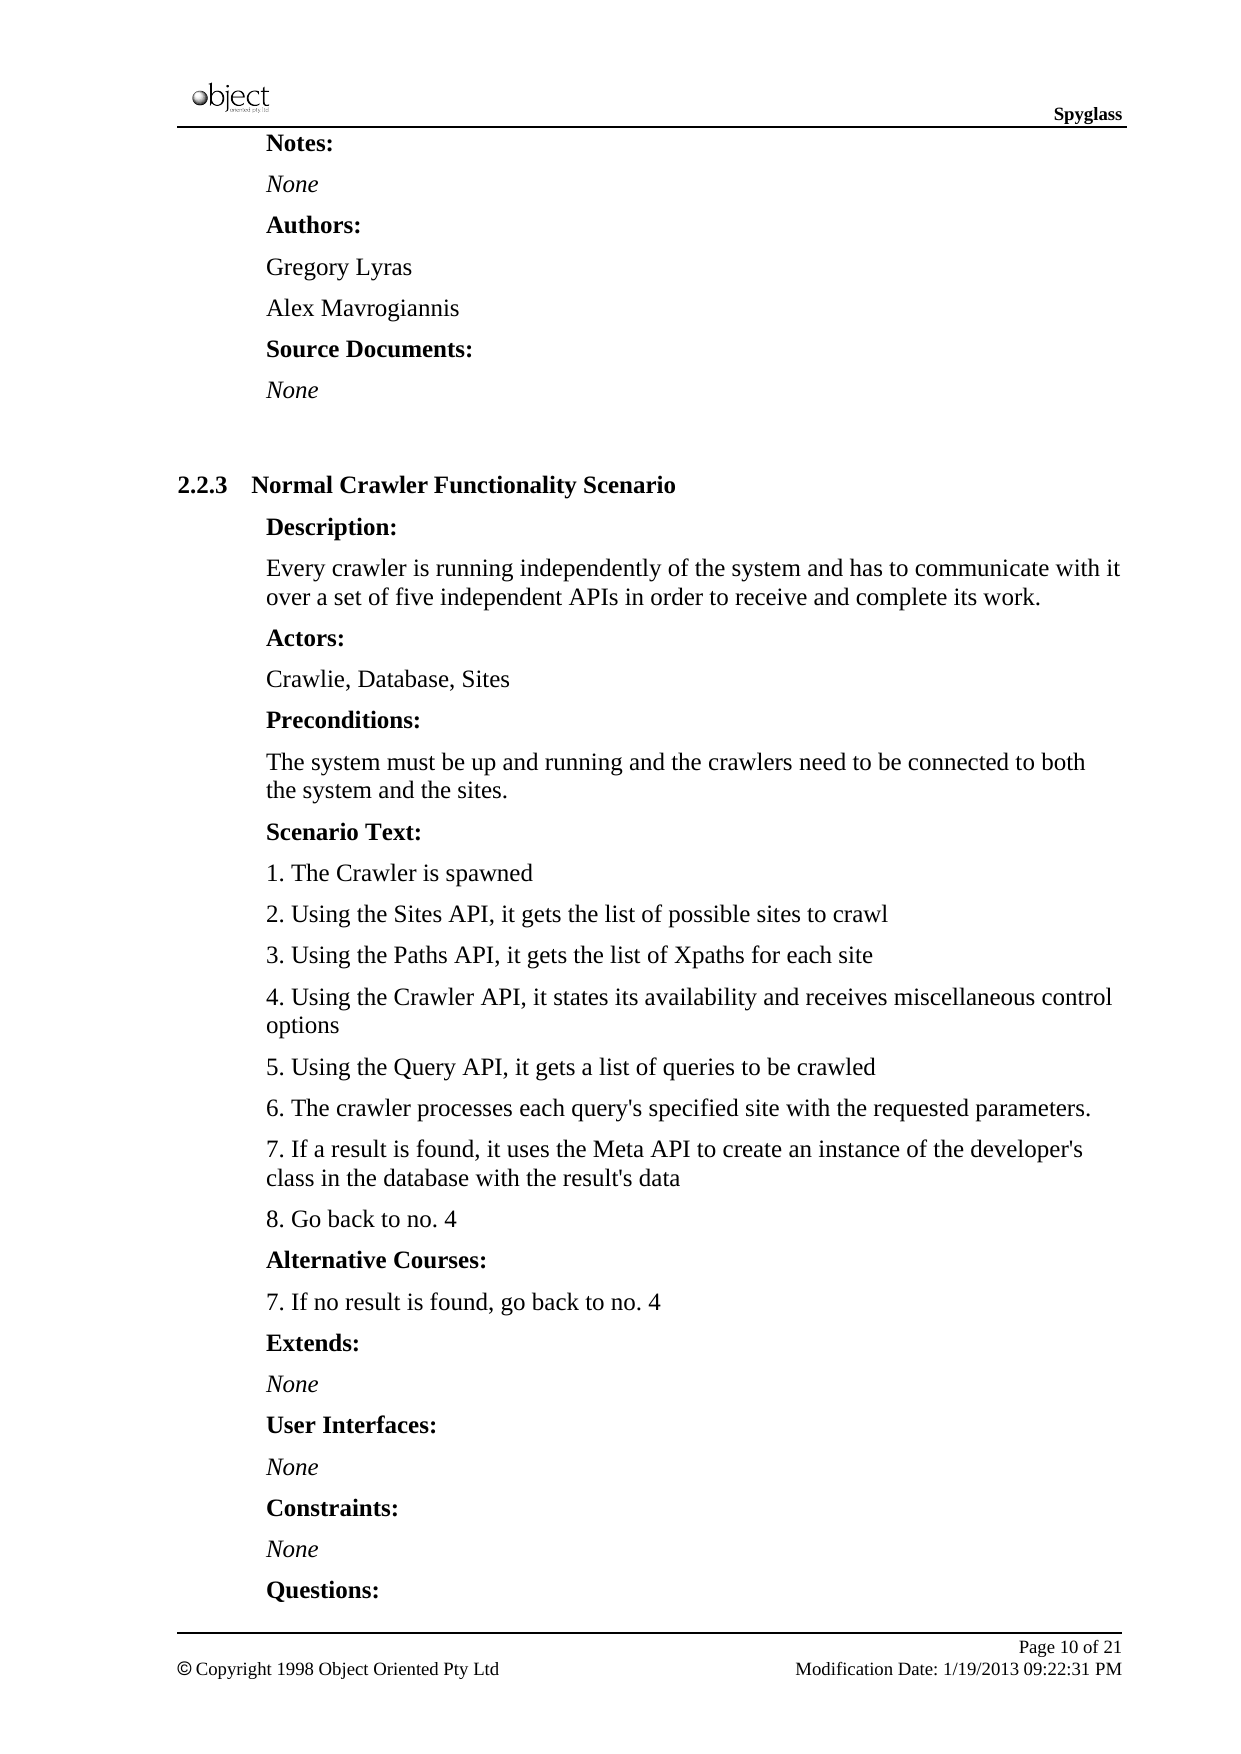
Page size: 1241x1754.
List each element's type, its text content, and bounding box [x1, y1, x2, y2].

text Constraints: [266, 1493, 1122, 1522]
text The system must be up and running and the crawlers need to be connected to both the system and the sites. [266, 747, 1122, 804]
text Source Documents: [266, 334, 1122, 363]
text None [266, 375, 1122, 404]
text 2. Using the Sites API, it gets the list of possible sites to crawl [266, 899, 1122, 928]
text None [266, 1369, 1122, 1398]
text 3. Using the Paths API, it gets the list of Xpaths for each site [266, 940, 1122, 969]
text 6. The crawler processes each query's specified site with the requested parameters. [266, 1093, 1122, 1122]
text Actors: [266, 623, 1122, 652]
text 7. If no result is found, go back to no. 4 [266, 1287, 1122, 1315]
text Alex Mavrogiannis [266, 293, 1122, 322]
text 7. If a result is found, it uses the Meta API to create an instance of the developer's class in the database with the result's data [266, 1134, 1122, 1192]
text 5. Using the Query API, it gets a list of queries to be crawled [266, 1052, 1122, 1080]
text 8. Go back to no. 4 [266, 1204, 1122, 1233]
text None [266, 1534, 1122, 1563]
text Every crawler is running independently of the system and has to communicate with it over a set of five independent APIs in order to receive and complete its work. [266, 553, 1122, 610]
text Gregory Lyras [266, 252, 1122, 280]
text Preconditions: [266, 705, 1122, 734]
text Alternative Courses: [266, 1245, 1122, 1274]
text 4. Using the Crawler API, it states its availability and receives miscellaneous control options [266, 982, 1122, 1039]
text Questions: [266, 1575, 1122, 1604]
text Authors: [266, 210, 1122, 239]
text 1. The Crawler is spawned [266, 858, 1122, 887]
text Crawlie, Database, Sites [266, 664, 1122, 693]
text Scenario Text: [266, 817, 1122, 845]
text User Interfaces: [266, 1410, 1122, 1439]
text None [266, 169, 1122, 198]
text None [266, 1452, 1122, 1480]
text Description: [266, 512, 1122, 540]
text Notes: [266, 128, 1122, 157]
subtitle Normal Crawler Functionality Scenario [177, 470, 1122, 499]
text Extends: [266, 1328, 1122, 1357]
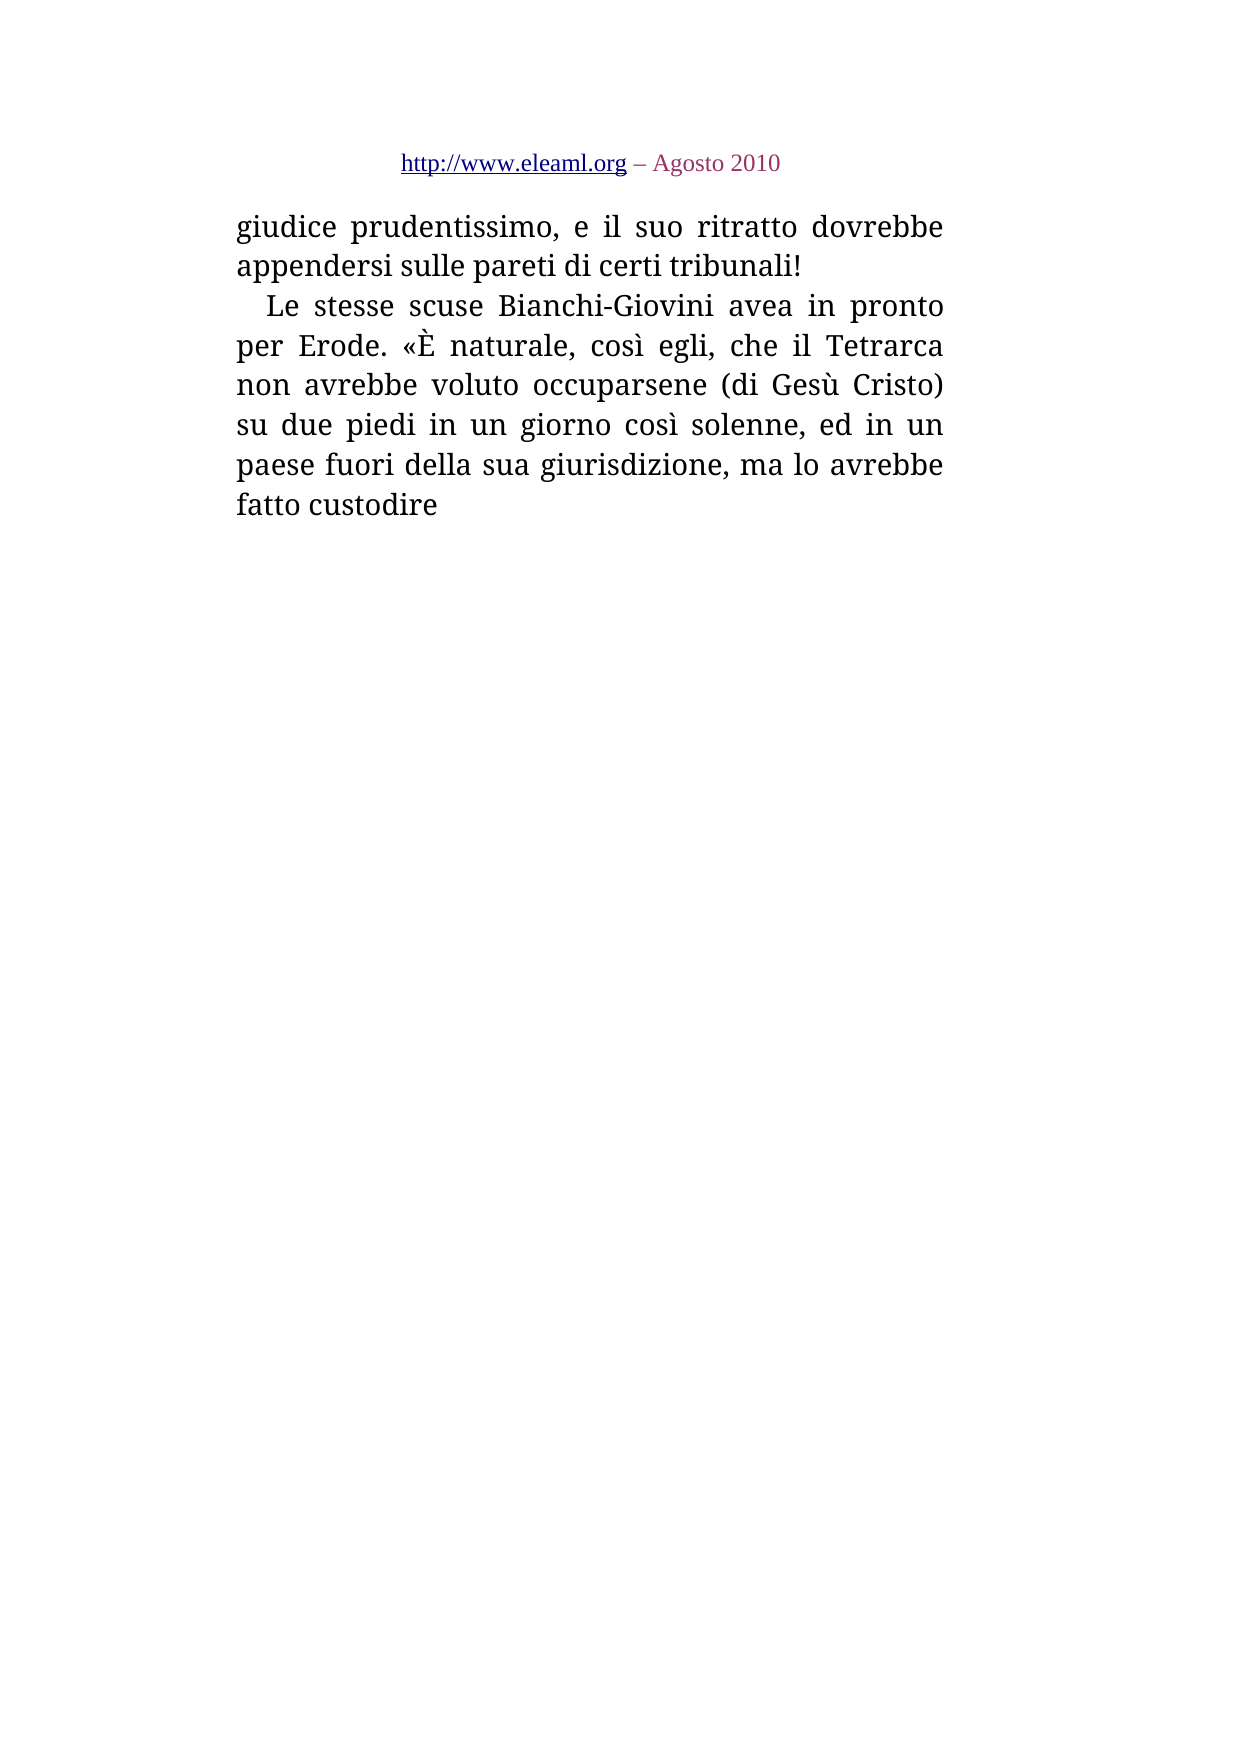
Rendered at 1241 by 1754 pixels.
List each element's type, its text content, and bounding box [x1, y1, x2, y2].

text Le stesse scuse Bianchi-Giovini avea in pronto per Erode. «È naturale, così egli, che il Tetrarca non avrebbe voluto occuparsene (di Gesù Cristo) su due piedi in un giorno così solenne, ed in un paese fuori della sua giurisdizione, ma lo avrebbe fatto custodire [236, 285, 945, 523]
text giudice prudentissimo, e il suo ritratto dovrebbe appendersi sulle pareti di certi tribunali! [236, 206, 945, 285]
════════════════════
Task description —
Your answer must consist solely of the lines above between the line holding "text 2. Using" and the line holding "text Alternative Courses: [266, 1245, 1122, 1274]", inclusive, copied exactly.

Answer for this exercise —
text 2. Using the Sites API, it gets the list of possible sites to crawl [266, 899, 1122, 928]
text None [266, 1369, 1122, 1398]
text 3. Using the Paths API, it gets the list of Xpaths for each site [266, 940, 1122, 969]
text 6. The crawler processes each query's specified site with the requested parameters. [266, 1093, 1122, 1122]
text Actors: [266, 623, 1122, 652]
text 7. If no result is found, go back to no. 4 [266, 1287, 1122, 1315]
text Alex Mavrogiannis [266, 293, 1122, 322]
text 7. If a result is found, it uses the Meta API to create an instance of the developer's class in the database with the result's data [266, 1134, 1122, 1192]
text 5. Using the Query API, it gets a list of queries to be crawled [266, 1052, 1122, 1080]
text 8. Go back to no. 4 [266, 1204, 1122, 1233]
text None [266, 1534, 1122, 1563]
text Every crawler is running independently of the system and has to communicate with it over a set of five independent APIs in order to receive and complete its work. [266, 553, 1122, 610]
text Gregory Lyras [266, 252, 1122, 280]
text Preconditions: [266, 705, 1122, 734]
text Alternative Courses: [266, 1245, 1122, 1274]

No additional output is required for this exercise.